The Death of Bai-Inah

It looks like it’s going to be a very busy year in Malaysia.

It was with surprise that the Islamic Banking practitioners are called to Bank Negara Malaysia (BNM) for the briefing pertaining the use of the contract of Bai Inah. The date was 16th November 2012 and it was a packed room at Sasana Kijang. Something was in the air, and little did we know that it is a meeting the Bai-Inah will be officially “killed” in that meeting.

But before we go further, BNM again reiterate that there is nothing wrong with the Bai-Inah as a concept, and the contract is valid in practice. However, the main concern that BNM has were mainly on the way the contract is executed, that it no longer reflects the orginal intention envisioned for the contract. One of the key issues that BNM highlighted is on the issue of “Interconditionality”. This simply means that should if one party sells its asset to another party, at a selling price, the original owner of the asset should not impose on the other party to on-sell it back to the original owner. One party should not compel the other party to re-sell the asset back to the same party. This smacks of shades of “arranged trade” i.e. the use of hilah to validate an Islamic sale, and this compulsion is explicitly captured in legal documents to protect the interests of the original owner. Interconditionality means that for the customer to obtain cash, the customer MUST sell back the asset to the Bank, and failure to do so will result in the whole transaction being void, even if the first sale contract has been completed and concluded.

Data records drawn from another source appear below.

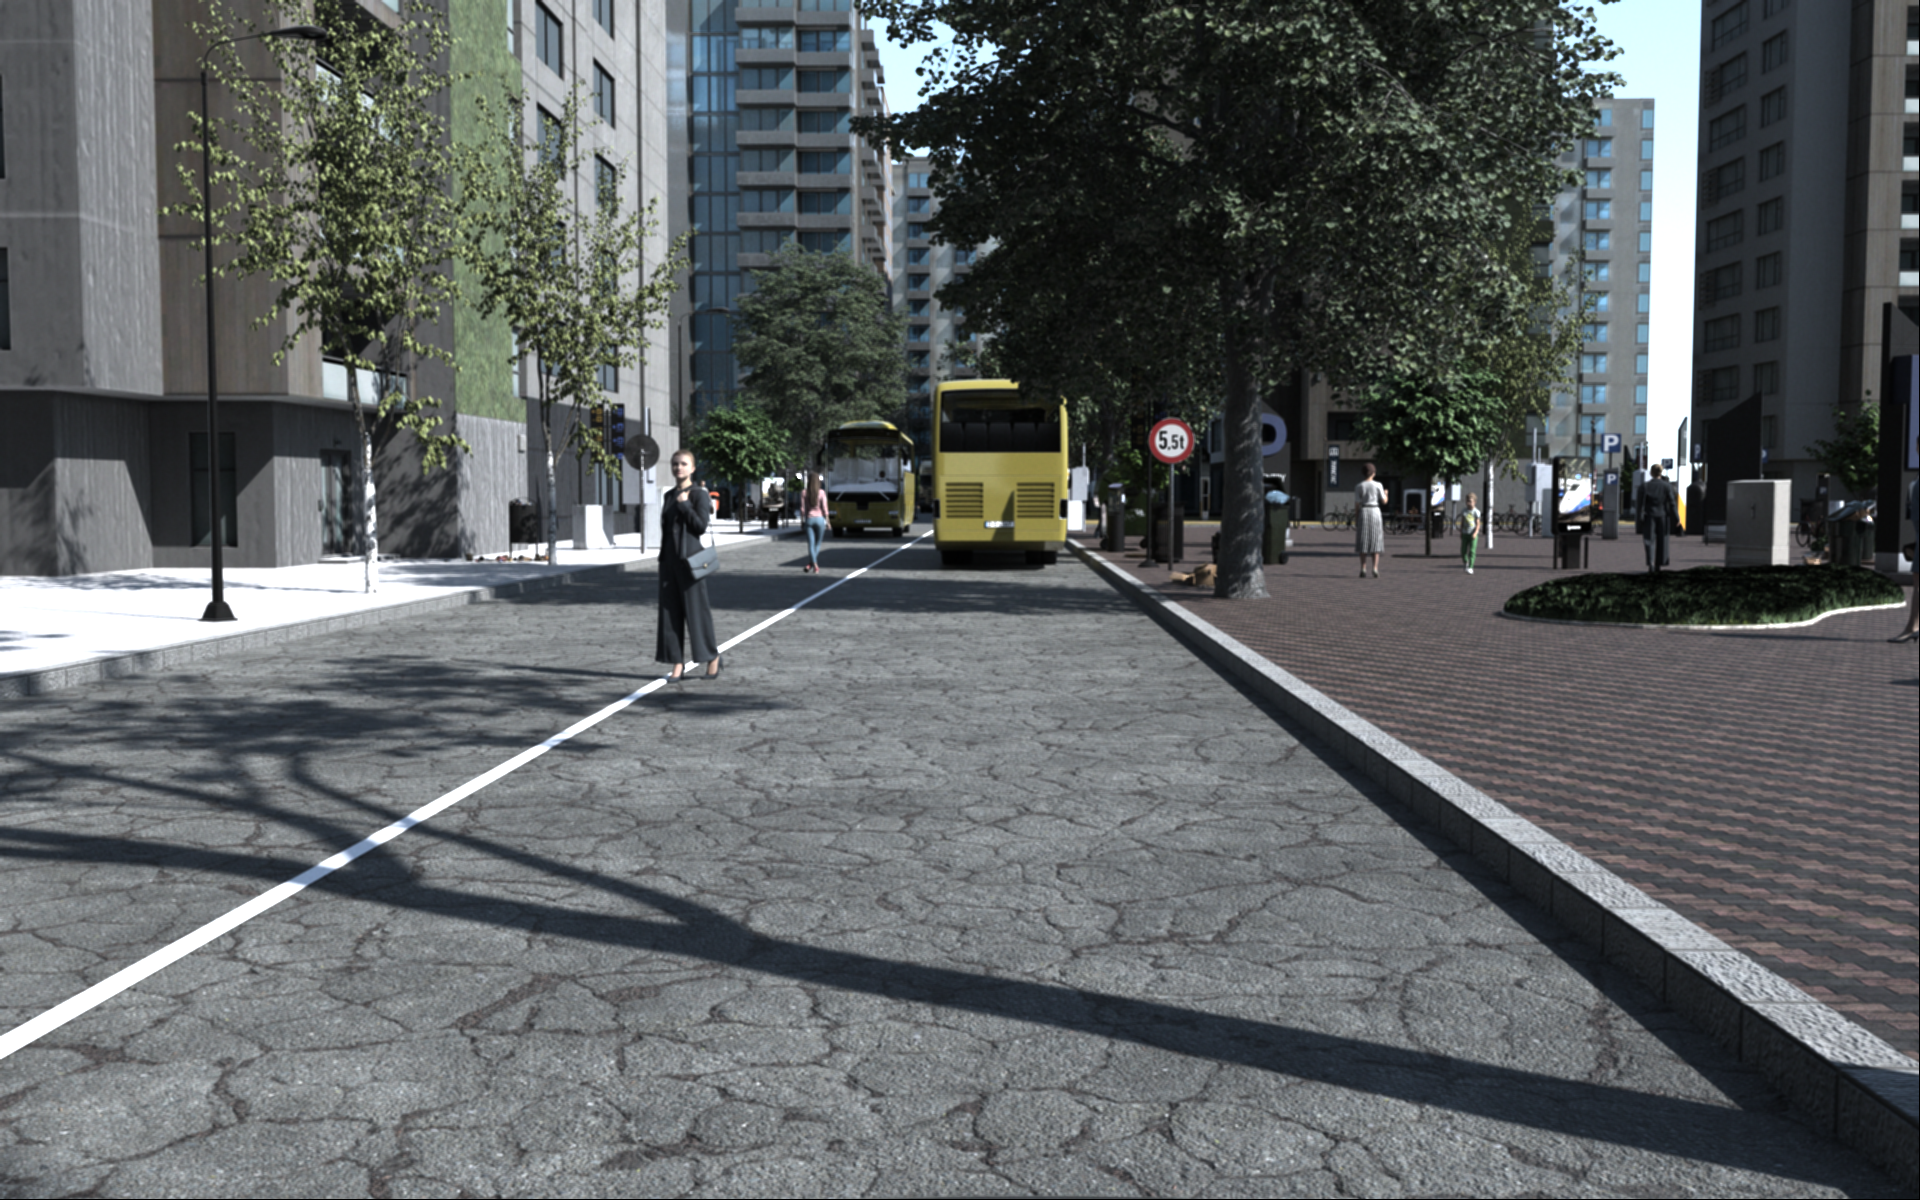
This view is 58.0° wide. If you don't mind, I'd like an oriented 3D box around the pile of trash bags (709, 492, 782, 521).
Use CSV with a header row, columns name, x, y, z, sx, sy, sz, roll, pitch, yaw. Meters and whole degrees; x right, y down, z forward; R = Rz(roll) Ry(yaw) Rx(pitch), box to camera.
name,x,y,z,sx,sy,sz,roll,pitch,yaw
pile of trash bags,-10.531,-4.540,83.982,3.447,1.369,1.912,0,4,-2

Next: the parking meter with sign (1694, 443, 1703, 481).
name,x,y,z,sx,sy,sz,roll,pitch,yaw
parking meter with sign,26.282,-3.882,59.737,1.738,3.016,0.543,0,4,1

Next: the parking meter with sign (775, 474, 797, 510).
name,x,y,z,sx,sy,sz,roll,pitch,yaw
parking meter with sign,-13.169,-8.086,128.460,1.738,3.016,0.543,-3,5,-43

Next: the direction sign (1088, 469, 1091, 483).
name,x,y,z,sx,sy,sz,roll,pitch,yaw
direction sign,8.837,-7.935,121.730,0.876,3.537,0.379,-3,4,-37

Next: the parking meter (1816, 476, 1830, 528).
name,x,y,z,sx,sy,sz,roll,pitch,yaw
parking meter,28.178,-3.112,56.597,0.399,1.863,0.255,2,4,26

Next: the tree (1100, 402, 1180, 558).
name,x,y,z,sx,sy,sz,roll,pitch,yaw
tree,3.878,-2.486,35.249,1.663,3.219,1.824,0,3,0

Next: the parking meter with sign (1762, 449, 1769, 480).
name,x,y,z,sx,sy,sz,roll,pitch,yaw
parking meter with sign,30.399,-4.286,66.341,0.543,3.016,1.738,3,5,40

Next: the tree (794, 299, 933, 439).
name,x,y,z,sx,sy,sz,roll,pitch,yaw
tree,-6.303,-12.108,108.340,12.009,13.543,11.850,0,3,0

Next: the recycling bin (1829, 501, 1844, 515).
name,x,y,z,sx,sy,sz,roll,pitch,yaw
recycling bin,32.202,-3.152,64.094,0.722,1.027,0.722,-3,5,-44

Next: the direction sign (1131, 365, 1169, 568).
name,x,y,z,sx,sy,sz,roll,pitch,yaw
direction sign,3.311,-2.344,30.318,0.379,3.537,0.876,-3,5,-40

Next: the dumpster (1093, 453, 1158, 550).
name,x,y,z,sx,sy,sz,roll,pitch,yaw
dumpster,3.860,-2.274,39.679,1.502,2.255,1.985,0,4,1

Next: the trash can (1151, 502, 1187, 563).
name,x,y,z,sx,sy,sz,roll,pitch,yaw
trash can,3.858,-1.259,32.246,0.748,1.137,0.748,0,3,0

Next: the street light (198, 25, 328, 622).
name,x,y,z,sx,sy,sz,roll,pitch,yaw
street light,-6.968,-2.740,17.335,1.470,5.913,1.316,0,4,1

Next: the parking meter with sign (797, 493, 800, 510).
name,x,y,z,sx,sy,sz,roll,pitch,yaw
parking meter with sign,-13.268,-8.904,141.842,0.543,3.016,1.738,-1,4,-18

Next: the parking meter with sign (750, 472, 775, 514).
name,x,y,z,sx,sy,sz,roll,pitch,yaw
parking meter with sign,-11.363,-6.147,96.760,1.738,3.016,0.543,-1,4,-10

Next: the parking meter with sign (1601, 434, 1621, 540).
name,x,y,z,sx,sy,sz,roll,pitch,yaw
parking meter with sign,18.498,-3.241,49.258,0.543,3.016,1.738,1,4,20

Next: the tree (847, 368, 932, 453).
name,x,y,z,sx,sy,sz,roll,pitch,yaw
tree,-6.108,-11.430,121.291,8.767,10.594,7.601,-1,4,-23

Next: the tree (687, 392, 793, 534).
name,x,y,z,sx,sy,sz,roll,pitch,yaw
tree,-7.134,-4.417,55.930,4.285,4.588,4.351,0,3,0

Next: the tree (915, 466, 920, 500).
name,x,y,z,sx,sy,sz,roll,pitch,yaw
tree,-3.341,-13.468,203.912,4.285,4.588,4.351,0,3,0

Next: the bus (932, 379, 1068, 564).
name,x,y,z,sx,sy,sz,roll,pitch,yaw
bus,0.859,-2.848,38.114,2.896,3.916,12.252,0,4,1

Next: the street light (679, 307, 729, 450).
name,x,y,z,sx,sy,sz,roll,pitch,yaw
street light,-6.439,-4.325,43.262,1.470,5.913,1.316,0,4,1

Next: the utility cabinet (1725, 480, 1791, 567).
name,x,y,z,sx,sy,sz,roll,pitch,yaw
utility cabinet,12.502,-1.132,27.184,0.318,1.500,1.173,-1,4,-10

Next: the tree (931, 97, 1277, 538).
name,x,y,z,sx,sy,sz,roll,pitch,yaw
tree,4.308,-8.154,50.325,9.611,12.733,9.660,0,3,0

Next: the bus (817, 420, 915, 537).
name,x,y,z,sx,sy,sz,roll,pitch,yaw
bus,-3.080,-4.279,61.507,2.896,3.916,12.252,0,4,1

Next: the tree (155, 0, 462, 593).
name,x,y,z,sx,sy,sz,roll,pitch,yaw
tree,-7.643,-4.377,21.919,4.737,8.622,4.395,0,3,0

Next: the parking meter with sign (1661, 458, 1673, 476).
name,x,y,z,sx,sy,sz,roll,pitch,yaw
parking meter with sign,33.790,-5.335,83.492,0.543,3.016,1.738,3,5,40

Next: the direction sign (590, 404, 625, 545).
name,x,y,z,sx,sy,sz,roll,pitch,yaw
direction sign,-8.838,-3.149,43.491,0.876,3.537,0.379,0,4,7

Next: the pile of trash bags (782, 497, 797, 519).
name,x,y,z,sx,sy,sz,roll,pitch,yaw
pile of trash bags,-9.507,-4.918,90.166,1.912,1.369,3.447,0,4,-8

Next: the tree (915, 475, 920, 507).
name,x,y,z,sx,sy,sz,roll,pitch,yaw
tree,-4.321,-11.108,176.210,1.663,3.219,1.824,0,3,0

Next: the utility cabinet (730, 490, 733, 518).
name,x,y,z,sx,sy,sz,roll,pitch,yaw
utility cabinet,-12.189,-5.057,91.361,0.318,1.500,1.173,-1,4,-13

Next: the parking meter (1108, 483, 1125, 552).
name,x,y,z,sx,sy,sz,roll,pitch,yaw
parking meter,3.447,-1.824,38.226,0.372,1.533,0.369,0,3,0

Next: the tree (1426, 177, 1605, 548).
name,x,y,z,sx,sy,sz,roll,pitch,yaw
tree,12.762,-5.527,40.730,4.737,8.622,4.395,0,3,0

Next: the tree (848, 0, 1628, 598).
name,x,y,z,sx,sy,sz,roll,pitch,yaw
tree,3.398,-7.008,21.235,9.857,13.997,8.962,0,3,0

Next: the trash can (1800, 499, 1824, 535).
name,x,y,z,sx,sy,sz,roll,pitch,yaw
trash can,26.967,-2.643,54.870,0.748,1.137,0.748,0,3,0

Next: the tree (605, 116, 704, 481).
name,x,y,z,sx,sy,sz,roll,pitch,yaw
tree,-7.136,-4.929,30.954,4.737,8.622,4.395,0,3,0

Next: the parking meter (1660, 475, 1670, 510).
name,x,y,z,sx,sy,sz,roll,pitch,yaw
parking meter,20.021,-2.674,49.430,0.255,1.863,0.399,-3,4,-38

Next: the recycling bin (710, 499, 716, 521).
name,x,y,z,sx,sy,sz,roll,pitch,yaw
recycling bin,-12.003,-4.238,81.849,0.722,1.027,0.722,-2,4,-34

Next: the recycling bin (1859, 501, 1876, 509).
name,x,y,z,sx,sy,sz,roll,pitch,yaw
recycling bin,33.848,-3.167,64.340,0.722,1.027,0.722,1,4,15

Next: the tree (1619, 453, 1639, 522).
name,x,y,z,sx,sy,sz,roll,pitch,yaw
tree,31.501,-5.247,80.393,1.663,3.219,1.824,0,3,0

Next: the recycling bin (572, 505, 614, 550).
name,x,y,z,sx,sy,sz,roll,pitch,yaw
recycling bin,-8.461,-1.675,39.933,0.722,1.027,0.722,-3,4,-38

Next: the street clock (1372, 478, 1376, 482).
name,x,y,z,sx,sy,sz,roll,pitch,yaw
street clock,18.422,-4.478,77.787,0.471,2.002,0.358,0,4,-7

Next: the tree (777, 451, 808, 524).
name,x,y,z,sx,sy,sz,roll,pitch,yaw
tree,-7.331,-4.974,75.921,1.663,3.219,1.824,0,3,0

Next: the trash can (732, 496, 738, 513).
name,x,y,z,sx,sy,sz,roll,pitch,yaw
trash can,-15.564,-6.631,120.069,0.748,1.137,0.748,0,3,0

Bai Inah Pre 2013 (Old Practice)

This doesn’t invalidate the Bai-Inah transaction in the first place, as it is a “willing buyer willing seller” scenario. But the issue arises where the buyer is not willing; what is his options then?

BNM highlighted that the Bai-Inah structure must therefore remove the “interconditionality” where the customer is compelled to sell back the asset to the Bank. The customer, as in any real trade, must be given the option to either sell the asset back to the Bank, or sell it on the open market, where the customer takes the pricing risks for such sale.Bai Inah New

The contention is that the Bank must not compel the customer to only trade with the Bank, but also provide an option to sell this asset into the open market. This effectively separates the Bai-Inah contract into 2 separate Murabaha contract i.e.

  1. the first contract is when the Sale of Asset by the Bank to the customer at a Selling Price (and Asset ownership is transferred to customer), and
  2. the second contract is for the customer to on-sell the Asset now owned by him to a third party or if he chooses, back to the Bank. The customer may even keep the Asset in his ownership, while paying off the debt to the Bank. One contract will therefore not be dependant on the other i.e. the interconditionalty of the sale is now removed.

The uproar in the industry was therefore expected. Many Islamic Banks have built up a substantial portfolio for their personal financing, credit cards and corporate working capital based on the contract of Bai-Inah. The options given by BNM was to either comply with the removal of the interconditionality in the Bai-Inah contract, or move to another contract where interconditionality is less than a problem, such as a Tawarruq or Commodity Murabaha structure. Many Banks have chosen the route of trying to comply with the removal of interconditionality, while other Banks view that the Tawarruq option was the right direction.

Personally, I feel trying to comply with the Bai-Inah requirements without “interconditionality” is at best a temporary measure. The way forward is to look at the Sharia structure of Tawarruq (Commodity Murabaha) and finding ways of making it efficient as soon as possible. This will be the key driver in the Islamic Banking industry in the coming year. And the death of Bai-Inah will be good news for our Middle-Eastern colleagues; one less controversial contract to talk about.

Like I said. It’s going to be a busy, busy year for us, as BNM gave the Banks until 30th January 2013 to either buck up or ship out. Time to burn that midnight oil.